Julie Farr (20:26:22)
ok some large prime number . . which I don't know
marsbake (20:26:37)
You can do 68, Julie, with 20 + 6 + 6 + 6 + 6+ 9 +6 +9
mathmom (20:26:48)
some primes can be made by adding composites
JimMath-MOEMS (20:27:27)
and some non-primes (composites) cannot be done. like 16
gapteach (20:27:20)
I 'm listing multiples of 6 then of 9 then of 20 and then making the combinations of these
marsbake (20:27:33)
I was trying to get a list of multiples of different combinations. Then I could cross those off from a hundred chart.
pamgoselin (20:27:51)
so 5 nuggets then?
RichKal-MOEMS (20:28:10)
All multiples of 3 above 3 can be made. Since 20 is 2 more than a multiple of 3, all remainder 2s above 23 can be made. Since 40 is 1 more than a multiple of 3, all remainder -1s above 43 can be made.

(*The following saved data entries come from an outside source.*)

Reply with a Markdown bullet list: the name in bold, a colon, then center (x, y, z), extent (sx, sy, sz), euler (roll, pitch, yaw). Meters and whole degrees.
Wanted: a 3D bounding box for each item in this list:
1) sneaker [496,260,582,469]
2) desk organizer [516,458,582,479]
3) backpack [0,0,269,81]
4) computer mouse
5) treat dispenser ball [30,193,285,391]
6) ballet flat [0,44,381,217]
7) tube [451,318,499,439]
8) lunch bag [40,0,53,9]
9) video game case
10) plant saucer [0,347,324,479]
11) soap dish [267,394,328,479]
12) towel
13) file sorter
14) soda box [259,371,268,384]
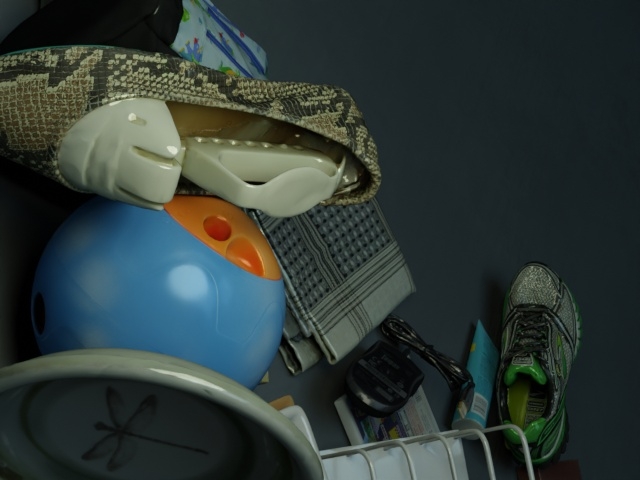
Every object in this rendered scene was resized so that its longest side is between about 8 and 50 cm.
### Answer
- **sneaker**: center (0.355, 0.190, 2.195), extent (0.146, 0.134, 0.343), euler (56, 34, -61)
- **desk organizer**: center (0.385, 0.398, 2.257), extent (0.130, 0.047, 0.050), euler (6, 69, -48)
- **backpack**: center (-0.192, -0.172, 1.637), extent (0.355, 0.290, 0.273), euler (44, 32, -36)
- **computer mouse**: center (0.126, 0.218, 1.957), extent (0.184, 0.060, 0.262), euler (36, 26, 3)
- **treat dispenser ball**: center (-0.183, 0.074, 1.537), extent (0.288, 0.288, 0.288), euler (20, 61, -43)
- **ballet flat**: center (-0.129, -0.101, 1.426), extent (0.483, 0.164, 0.182), euler (3, 40, -36)
- **tube**: center (0.256, 0.227, 2.174), extent (0.080, 0.052, 0.207), euler (61, 33, -33)
- **lunch bag**: center (-0.240, -0.432, 1.699), extent (0.169, 0.235, 0.286), euler (11, 68, -48)
- **video game case**: center (0.113, 0.293, 2.002), extent (0.183, 0.023, 0.201), euler (-29, 99, -50)
- **plant saucer**: center (-0.193, 0.215, 1.402), extent (0.400, 0.401, 0.100), euler (40, 38, -33)
- **soap dish**: center (-0.084, 0.364, 1.676), extent (0.229, 0.118, 0.290), euler (-18, 90, -50)
- **towel**: center (0.000, 0.000, 1.956), extent (0.324, 0.056, 0.312), euler (-34, 102, -48)
- **file sorter**: center (0.139, 0.361, 1.838), extent (0.278, 0.173, 0.192), euler (-3, 78, -33)
- **soda box**: center (-0.115, 0.104, 1.784), extent (0.061, 0.058, 0.181), euler (11, 67, -47)
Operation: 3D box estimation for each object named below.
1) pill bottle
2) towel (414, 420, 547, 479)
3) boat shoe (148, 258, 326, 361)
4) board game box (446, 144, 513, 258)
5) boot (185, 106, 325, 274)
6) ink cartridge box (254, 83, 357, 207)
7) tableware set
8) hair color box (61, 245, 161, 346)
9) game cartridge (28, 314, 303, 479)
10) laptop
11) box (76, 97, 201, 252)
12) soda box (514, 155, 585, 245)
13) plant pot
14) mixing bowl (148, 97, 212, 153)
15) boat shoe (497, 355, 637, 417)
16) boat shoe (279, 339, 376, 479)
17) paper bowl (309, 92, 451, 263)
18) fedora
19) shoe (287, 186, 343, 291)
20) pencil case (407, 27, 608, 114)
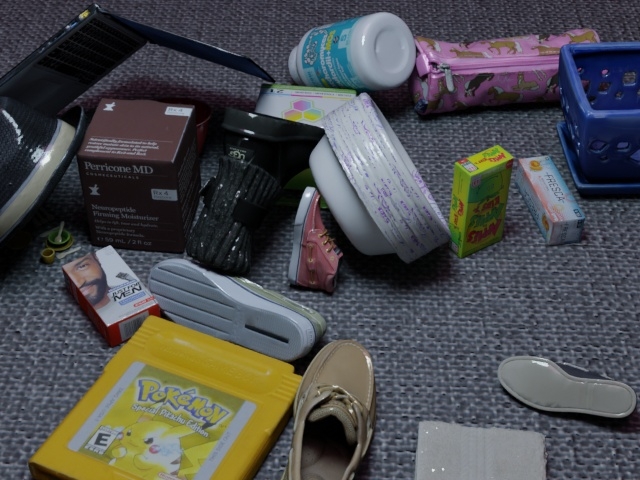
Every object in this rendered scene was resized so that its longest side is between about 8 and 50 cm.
[{"bbox_3d":[0.051,-0.356,2.194,0.146,0.146,0.264,-35,20,-33],"label":"pill bottle"},{"bbox_3d":[0.216,0.363,1.506,0.187,0.049,0.282,6,41,4],"label":"towel"},{"bbox_3d":[-0.133,0.110,1.768,0.302,0.109,0.094,24,17,22],"label":"boat shoe"},{"bbox_3d":[0.267,-0.064,1.886,0.092,0.181,0.043,-24,47,-24],"label":"board game box"},{"bbox_3d":[-0.106,-0.081,1.880,0.131,0.260,0.348,16,7,20],"label":"boot"},{"bbox_3d":[-0.035,-0.176,2.077,0.189,0.097,0.255,4,41,4],"label":"ink cartridge box"},{"bbox_3d":[-0.494,-0.011,1.943,0.104,0.024,0.154,-27,49,-27],"label":"tableware set"},{"bbox_3d":[-0.338,0.087,1.810,0.093,0.053,0.167,-26,46,-25],"label":"hair color box"},{"bbox_3d":[-0.210,0.261,1.616,0.285,0.052,0.323,17,45,18],"label":"game cartridge"},{"bbox_3d":[-0.330,-0.272,2.016,0.408,0.382,0.236,-37,89,5],"label":"laptop"},{"bbox_3d":[-0.305,-0.111,1.923,0.169,0.203,0.167,5,42,6],"label":"box"},{"bbox_3d":[0.405,-0.073,1.991,0.063,0.058,0.183,-7,43,-9],"label":"soda box"},{"bbox_3d":[0.553,-0.212,2.034,0.236,0.212,0.236,-2,42,-2],"label":"plant pot"},{"bbox_3d":[-0.287,-0.187,2.074,0.182,0.098,0.181,-2,28,1],"label":"mixing bowl"},{"bbox_3d":[0.368,0.221,1.674,0.206,0.075,0.065,12,0,20],"label":"boat shoe"},{"bbox_3d":[0.022,0.259,1.555,0.122,0.110,0.341,19,45,-4],"label":"boat shoe"},{"bbox_3d":[0.086,-0.090,1.855,0.148,0.284,0.284,-29,43,8],"label":"paper bowl"},{"bbox_3d":[-0.538,-0.123,1.846,0.152,0.334,0.334,37,34,-26],"label":"fedora"},{"bbox_3d":[0.000,0.000,1.822,0.081,0.178,0.063,14,28,10],"label":"shoe"},{"bbox_3d":[0.367,-0.335,2.214,0.386,0.160,0.167,-4,42,-6],"label":"pencil case"}]
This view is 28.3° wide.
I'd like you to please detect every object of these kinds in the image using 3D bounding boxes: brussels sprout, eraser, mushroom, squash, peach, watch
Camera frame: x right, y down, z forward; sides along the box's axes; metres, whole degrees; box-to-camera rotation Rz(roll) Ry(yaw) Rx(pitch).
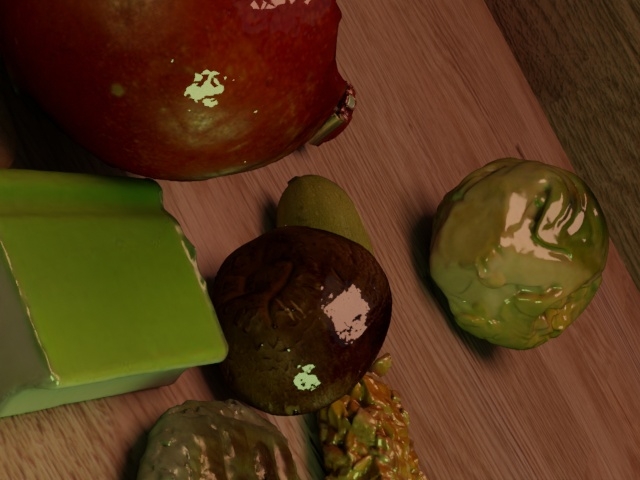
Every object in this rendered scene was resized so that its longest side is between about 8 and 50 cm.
[{"bbox_3d":[0.329,0.012,2.069,0.344,0.268,0.344,35,43,-42],"label":"brussels sprout"},{"bbox_3d":[-0.216,0.039,1.144,0.274,0.092,0.210,-5,70,-63],"label":"eraser"},{"bbox_3d":[-0.029,0.070,1.367,0.138,0.194,0.231,43,20,-41],"label":"mushroom"},{"bbox_3d":[0.000,0.000,1.604,0.123,0.123,0.186,27,39,-54],"label":"squash"},{"bbox_3d":[-0.170,-0.241,1.239,0.405,0.310,0.335,64,-14,5],"label":"peach"},{"bbox_3d":[-0.065,-0.241,1.756,0.268,0.102,0.165,41,24,-25],"label":"watch"}]

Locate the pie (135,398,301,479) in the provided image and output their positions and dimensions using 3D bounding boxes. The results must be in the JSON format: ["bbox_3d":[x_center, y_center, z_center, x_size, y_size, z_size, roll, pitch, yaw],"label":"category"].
[{"bbox_3d":[-0.078,0.284,1.203,0.306,0.071,0.306,44,31,-37],"label":"pie"}]

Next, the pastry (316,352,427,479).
[{"bbox_3d":[0.062,0.255,1.474,0.154,0.102,0.250,40,32,-44],"label":"pastry"}]

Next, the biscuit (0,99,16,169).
[{"bbox_3d":[-0.322,-0.113,1.168,0.120,0.015,0.120,46,28,-34],"label":"biscuit"}]

So I would think 41.
gapteach (20:28:25)
With my list I then draw lines for possible combinations. (The lines look kind of like a fan.)
mathmom (20:28:11)
only odd multiples of 9 are interesting, the evens are also multiples of 6
JimMath-MOEMS (20:29:09)
you're coming up with lots of nice theorems or lemmas - great
JimMath-MOEMS (20:29:42)
i'll give you a hint since we're running out of time - the largest that you CANNOT make is less than 60
mathmom (20:30:04)
all remainder 2's above 23 can be made because.... you could add 20 to a multiple of 3, right?
pamgoselin (20:30:15)
thanks JimMath...gotta go!
RichKal-MOEMS (20:30:53)
Oops, I meant 43 is the largest that can't be made with 6s, 9s, and 20s.
mathmom (20:31:03)
so similarly you could make all remainder 2's above 40 by adding 20 + 20 to a multiple of 3
Julie Farr (20:31:27)
thanks. look forward to the next session
mathmom (20:31:45)
so I see what Rich is doing....
marsbake (20:31:55)
I working backwards and know you can make 59, 58, 57 and 56.
JimMath-MOEMS (20:33:30)
if you work forward from 6 on you will find that you can't make 43 but you can make 44, 45, 46, 47, 48 and 49. once you make six in a row you can always add a container of 6 onto each of these giving you the next 6 consecutive integers. this can be done indefinitely
RichKal-MOEMS (20:32:37)
Great problem!
marsbake (20:32:49)
I just made 55 and 54
mathmom (20:32:50)
oops, I meant remainder 1's above 40, but it's really remainder 1's 46 and above that we can make
mathmom (20:33:43)
so the highest thing we can't make is something that leaves a remainder of 1 when divided by 3, and is less than 46, so 43.
JimMath-MOEMS (20:34:49)
of course, like we were doing with the stamp problem we can change the 6, 9 and 20 to other sizes! this is called the frobenius problem in some math circles. you can google frobenius problem for more info
mathmom (20:33:59)
there's the trick, making 6 in a row,
Julie Farr (20:34:43)
Thanks for the explanation, Jim
mathmom (20:35:02)
thanks, Rich, I like the way you worked that out
JimMath-MOEMS (20:35:43)
hope you liked the theme for tonight's jam. you guys were great. thanks.